Abstract
About 5%–6% of all breast cancer develops in young women (≤40 years old). Some of them had not yet had a child while diagnosed with malignancy. Fertility preservation before systemic therapy, which is used in most patients, is essential for them. There are a few options to preserve fertility: assisted reproductive technology (ART) (cryopreservation of embryos, oocytes, or ovarian tissue) and gonadotropin releasing hormone (GnRH) analogs. 1 From many years we have dealt with these problems at Maria Skłodowska-Curie Memorial Cancer Centre and Institute of Oncology, Warsaw, Poland. 2
Jach et al. 3 have recently published the “Recommendations of the Fertility Preservation Working Group in Oncological, Hematological and Other Patients Treated with Gonadotoxic Therapies ‘ONCOFERTILITY’ (GROF) of the Polish Society of Oncological Gynecology.” This document highlights the importance of the topic and proposes the recommendations. The authors state that GnRH analogs can be used during chemotherapy only in triple-negative breast cancer patients (who represent 10%–20% of all breast cancer). We notice a wider group of young breast cancer patients who can benefit from GnRH analogs for preserving ovarian function and fertility. In a meta-analysis of 12 randomized controlled trials, published in 2015, the risk of premature ovarian failure was significantly reduced in patients treated with concurrent GnRH analogs comparing with women treated only with chemotherapy [odds ratio (OR): 0.36; 95% confidence interval (CI): 0.23–0.57; p < 0.001]. 4 The chance for pregnancy in the future was higher in patients using GnRH analogs during chemotherapy (data from five studies: 33 vs. 19 women; OR: 1.83; 95% CI: 1.02–3.28; p = 0.041).
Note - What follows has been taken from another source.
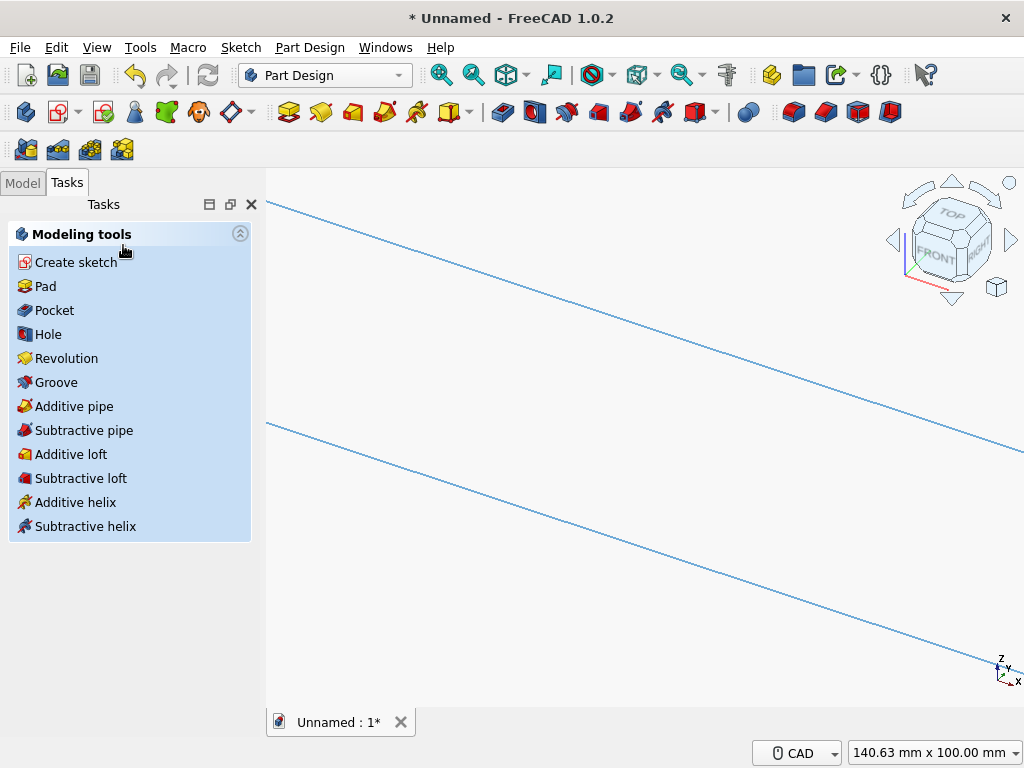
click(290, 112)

Pregnancy in women who have undergone treatment for breast cancer does not increase the risk of either recurrence or death, also in case of luminal breast cancer. The aforementioned meta-analysis showed no impact of using temporary ovarian suppression on prognosis (disease free survival [DFS] hazard ratio [HR]: 1.00; 95% CI: 0.49–2.04; p = 0.939). 4 Data from trials analyzing different breast cancer subtypes support this statement (including POEMS, PROMISE-GIM6, and OPTION trials). 5
Finally, according to recently published ESO-ESMO 3rd international consensus guidelines for breast cancer in young women (BCY3) GnRH agonists should be discussed as an option with all interested patients, irrespective of biologic tumor subtype. 1 For some women who are unable to have fertility preservation procedures, access to GRNH agonists will allow an opportunity to preserve fertility.
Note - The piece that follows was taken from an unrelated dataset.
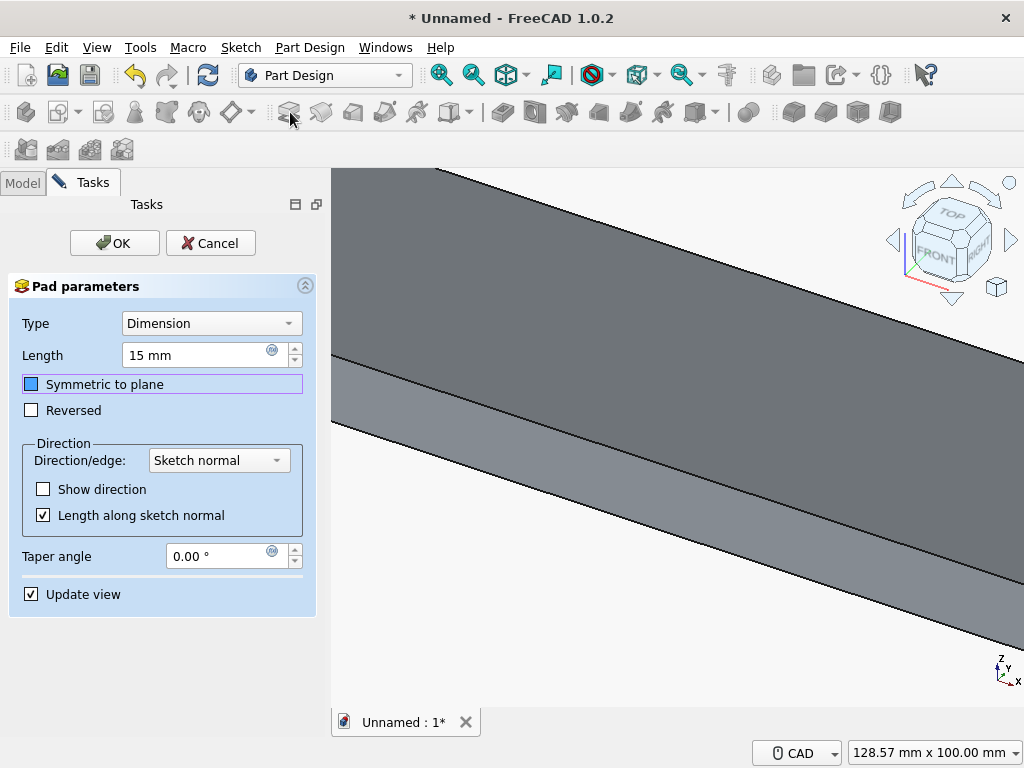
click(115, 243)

Jach et al. 3 recommend using GnRH analogs only if the other options to preserve fertility cannot be applied. We propose that fertility preservation procedures can be combined with ovarian suppression. This strategy can increase the chance for fertility and gonadal function preservation. In some patients, there is a chance to become pregnant without ART, and GnRH analogs improve this possibility. This approach can reduce medical procedures and costs.
In conclusion, young cancer patients should be referred to a specialist in fertility preservation as soon as the decision on systemic therapy is made. ART and GnRH analogs should be discussed with all of them.